UVC has the shortest wavelength and the highest energy, but the ozone layer absorbs it completely. It never reaches the ground under normal conditions. UVB penetrates the atmosphere in small amounts and reaches the outermost layer of your skin (the epidermis). This is the radiation responsible for sunburn, DNA damage in skin cells, and the production of reactive oxygen species, which are unstable molecules that can harm cell structures. UVB also triggers vitamin D synthesis, so brief exposure serves a biological purpose. UVA has a longer wavelength, penetrates deeper into the skin (reaching the dermis, the layer beneath the surface), and is the primary driver of premature aging. Chronic UVA exposure thickens the outer skin layer and breaks down collagen over time.

The World Health Organization uses the UV Index to communicate daily risk. A UV Index of 0 to 2 poses limited danger even for fair-skinned people, and no special protection is needed. At 3 to 7, you should seek shade during midday, wear a hat and shirt, and apply sunscreen. At 8 and above, the WHO recommends avoiding outdoor exposure during midday hours entirely. Protective clothing, sunscreen, sunglasses, and shade all become essential at that level.
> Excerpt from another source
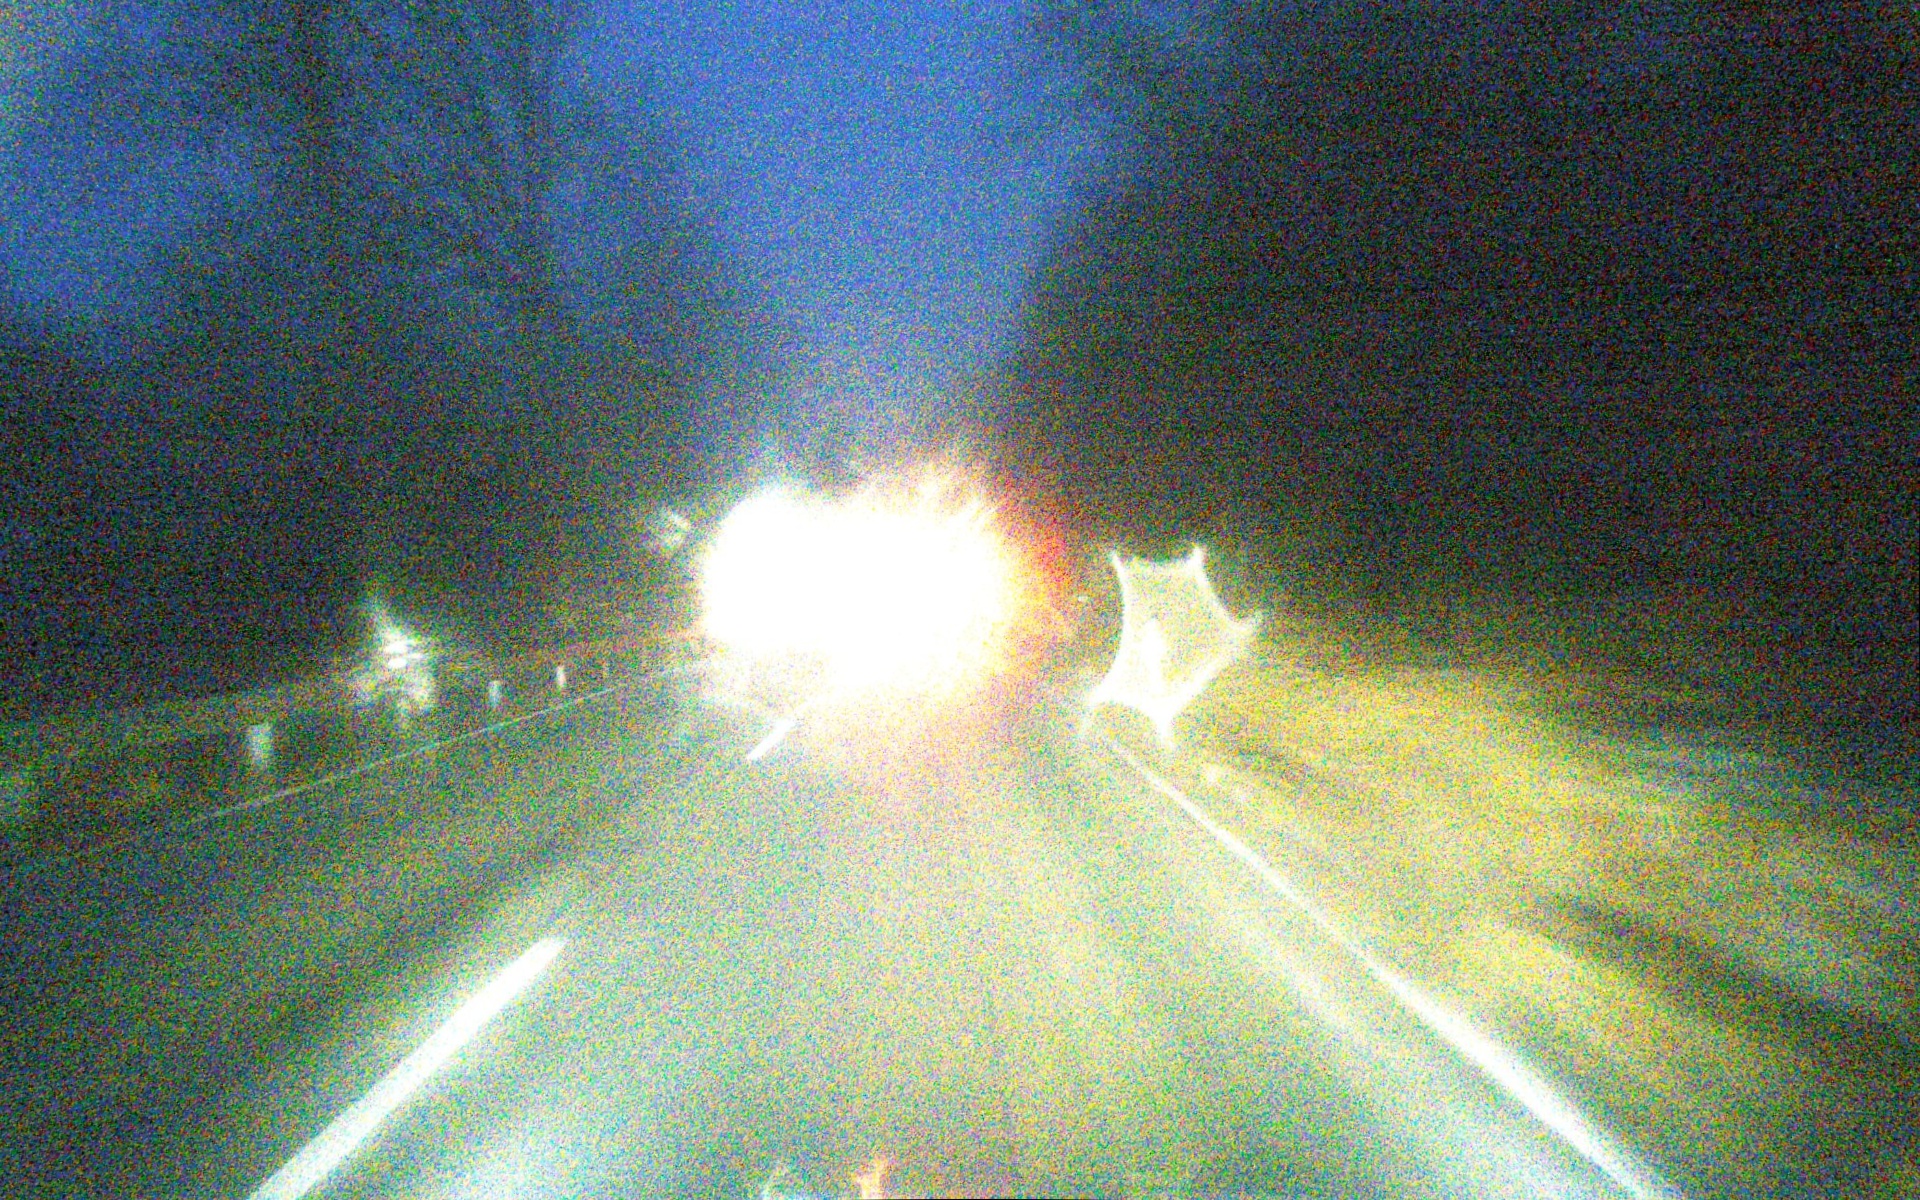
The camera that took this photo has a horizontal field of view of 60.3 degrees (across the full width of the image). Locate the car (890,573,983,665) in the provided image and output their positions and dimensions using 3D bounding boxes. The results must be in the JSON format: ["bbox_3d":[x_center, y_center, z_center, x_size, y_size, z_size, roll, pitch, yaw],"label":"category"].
[{"bbox_3d":[-0.596,0.376,38.010,1.954,1.838,3.916,-2,2,-3],"label":"car"}]

Solar Radiation and Earth’s Climate

Solar radiation is the input side of Earth’s energy budget. The planet absorbs sunlight, warms up, and re-emits energy as infrared radiation. Greenhouse gases in the atmosphere, including carbon dioxide, methane, and water vapor, absorb some of that outgoing infrared energy and radiate it back toward the surface. This process, called the greenhouse effect, keeps Earth’s average temperature about 33°C warmer than it would be without an atmosphere.

When the balance between incoming solar energy and outgoing infrared energy shifts, the climate responds. Adding greenhouse gases to the atmosphere traps more outgoing heat, creating what scientists call radiative forcing. Each gas contributes a measurable amount of forcing, measured in watts per square meter, which allows researchers to rank their relative impact. The 0.1% variation in the sun’s output over its 11-year cycle produces a small forcing of its own, but it is far smaller than the forcing from accumulated greenhouse gas emissions over the industrial era.

How Solar Panels Convert Sunlight to Electricity

Solar panels exploit the fact that photons carry energy. Each panel contains cells made of semiconductor material, typically silicon. When photons from sunlight strike a cell, three things can happen: they bounce off, pass through, or get absorbed. Only absorbed photons contribute to electricity generation.

When enough photons are absorbed, they knock electrons loose from atoms in the semiconductor. The cell’s surface is specially treated during manufacturing so that these freed electrons naturally migrate toward the front. This creates an imbalance of electrical charge between the front and back of the cell, similar to the positive and negative terminals of a battery. Metal conductors on the cell collect the electrons, and when connected to a circuit, the flow of electrons becomes usable electricity. The process is silent, has no moving parts, and works with both direct and diffuse sunlight, though output drops on cloudy days or at steep sun angles.

Because solar radiation intensity varies by latitude, season, and cloud cover, the same panel produces very different amounts of electricity depending on where it’s installed. A rooftop system in Arizona will generate roughly twice the annual output of an identical system in Seattle, largely because of differences in solar angle and cloud frequency.